Жорж Санд - Мастера мозаики
— Впрочем, — улыбаясь, подхватил Валерио, — пословица гласит: «Великому художнику дано множество печалей».
— И немного ненависти, — угрюмо добавил Боцца.
— Э, да пословицы всегда наполовину врут, — ответил Валерио. — Ведь в противовес каждой пословице найдется еще одна пословица, — значит, пословицы и лгут и говорят правду одновременно. Франческо — великий художник, клянусь телом и душой, он никогда не знал ненависти.
— Никогда — по отношению к другим. Зато по отношению к себе довольно часто, и в этом грех моей гордыни. Мне всегда хотелось быть лучше и искуснее, чем я есть на самом деле.

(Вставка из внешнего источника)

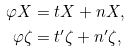<formula> <loc_0><loc_0><loc_500><loc_500>\varphi X & = t X + n X , \\ \varphi \zeta & = t ^ { \prime } \zeta + n ^ { \prime } \zeta ,</formula>

Хотелось бы, чтобы меня любили за мои достоинства, а не за страдания.
— Тебя любят и за то и за другое! — воскликнул Валерио. — Но, вероятно, людям не присуще довольствоваться чувством братской привязанности. Быть может, не испытывай мы потребности в том, чтобы нами восхищались, не было бы ни великих художников, ни мастерски исполненных вещей. Восхищение людей, безразличных тебе, — это выражение дружеских чувств, которые тебе не нужны. И все же люди считают, что такое восхищение — необходимость. Потребность в нем нелепа, однако, надо полагать, это предначертание господа бога.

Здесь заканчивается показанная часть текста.